§ WHAT IS BEING ASKED
The data below is to be output in full, unchanged.

§ MATERIAL PROVIDED
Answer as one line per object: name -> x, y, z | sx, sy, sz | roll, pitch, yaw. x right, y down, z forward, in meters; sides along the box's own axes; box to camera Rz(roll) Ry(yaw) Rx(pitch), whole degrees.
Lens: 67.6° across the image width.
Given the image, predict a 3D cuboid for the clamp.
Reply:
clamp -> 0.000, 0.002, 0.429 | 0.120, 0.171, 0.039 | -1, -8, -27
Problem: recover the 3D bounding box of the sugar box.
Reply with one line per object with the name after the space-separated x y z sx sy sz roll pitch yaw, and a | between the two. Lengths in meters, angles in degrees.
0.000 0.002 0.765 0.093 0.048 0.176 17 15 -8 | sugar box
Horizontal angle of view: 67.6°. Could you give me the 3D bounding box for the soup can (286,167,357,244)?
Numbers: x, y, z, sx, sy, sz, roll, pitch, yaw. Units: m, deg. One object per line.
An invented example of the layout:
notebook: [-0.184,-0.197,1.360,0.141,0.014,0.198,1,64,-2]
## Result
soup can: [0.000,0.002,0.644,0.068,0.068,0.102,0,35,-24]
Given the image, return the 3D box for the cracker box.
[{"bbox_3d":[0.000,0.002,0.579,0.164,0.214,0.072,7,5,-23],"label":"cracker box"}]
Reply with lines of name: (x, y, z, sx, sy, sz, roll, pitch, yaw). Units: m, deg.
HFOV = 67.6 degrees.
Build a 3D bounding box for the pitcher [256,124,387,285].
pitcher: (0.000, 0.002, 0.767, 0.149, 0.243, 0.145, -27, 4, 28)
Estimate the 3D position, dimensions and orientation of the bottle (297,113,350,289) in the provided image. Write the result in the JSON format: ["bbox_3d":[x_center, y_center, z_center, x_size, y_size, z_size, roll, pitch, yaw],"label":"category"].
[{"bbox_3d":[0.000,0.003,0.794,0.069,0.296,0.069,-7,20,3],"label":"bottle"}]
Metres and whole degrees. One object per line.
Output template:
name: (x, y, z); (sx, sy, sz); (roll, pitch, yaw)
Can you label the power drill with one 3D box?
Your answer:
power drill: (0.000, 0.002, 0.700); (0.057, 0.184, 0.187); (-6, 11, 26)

§ SOLUTION TO THIS EXERCISE
Answer as one line per object: name -> x, y, z | sx, sy, sz | roll, pitch, yaw. x right, y down, z forward, in meters; sides along the box's own axes; box to camera Rz(roll) Ry(yaw) Rx(pitch), whole degrees.
Lens: 67.6° across the image width.
Given the image, predict a 3D cuboid for the clamp.
Reply:
clamp -> 0.000, 0.002, 0.429 | 0.120, 0.171, 0.039 | -1, -8, -27
Problem: recover the 3D bounding box of the sugar box.
Reply with one line per object with the name after the space-separated x y z sx sy sz roll pitch yaw, and a | between the two. Lengths in meters, angles in degrees.
0.000 0.002 0.765 0.093 0.048 0.176 17 15 -8 | sugar box
Horizontal angle of view: 67.6°. Could you give me the 3D bounding box for the soup can (286,167,357,244)?
Numbers: x, y, z, sx, sy, sz, roll, pitch, yaw. Units: m, deg. One object per line.
An invented example of the layout:
notebook: [-0.184,-0.197,1.360,0.141,0.014,0.198,1,64,-2]
## Result
soup can: [0.000,0.002,0.644,0.068,0.068,0.102,0,35,-24]
Given the image, return the 3D box for the cracker box.
[{"bbox_3d":[0.000,0.002,0.579,0.164,0.214,0.072,7,5,-23],"label":"cracker box"}]
Reply with lines of name: (x, y, z, sx, sy, sz, roll, pitch, yaw). Units: m, deg.
HFOV = 67.6 degrees.
Build a 3D bounding box for the pitcher [256,124,387,285].
pitcher: (0.000, 0.002, 0.767, 0.149, 0.243, 0.145, -27, 4, 28)
Estimate the 3D position, dimensions and orientation of the bottle (297,113,350,289) in the provided image. Write the result in the JSON format: ["bbox_3d":[x_center, y_center, z_center, x_size, y_size, z_size, roll, pitch, yaw],"label":"category"].
[{"bbox_3d":[0.000,0.003,0.794,0.069,0.296,0.069,-7,20,3],"label":"bottle"}]
Metres and whole degrees. One object per line.
Output template:
name: (x, y, z); (sx, sy, sz); (roll, pitch, yaw)
Can you label the power drill with one 3D box?
Your answer:
power drill: (0.000, 0.002, 0.700); (0.057, 0.184, 0.187); (-6, 11, 26)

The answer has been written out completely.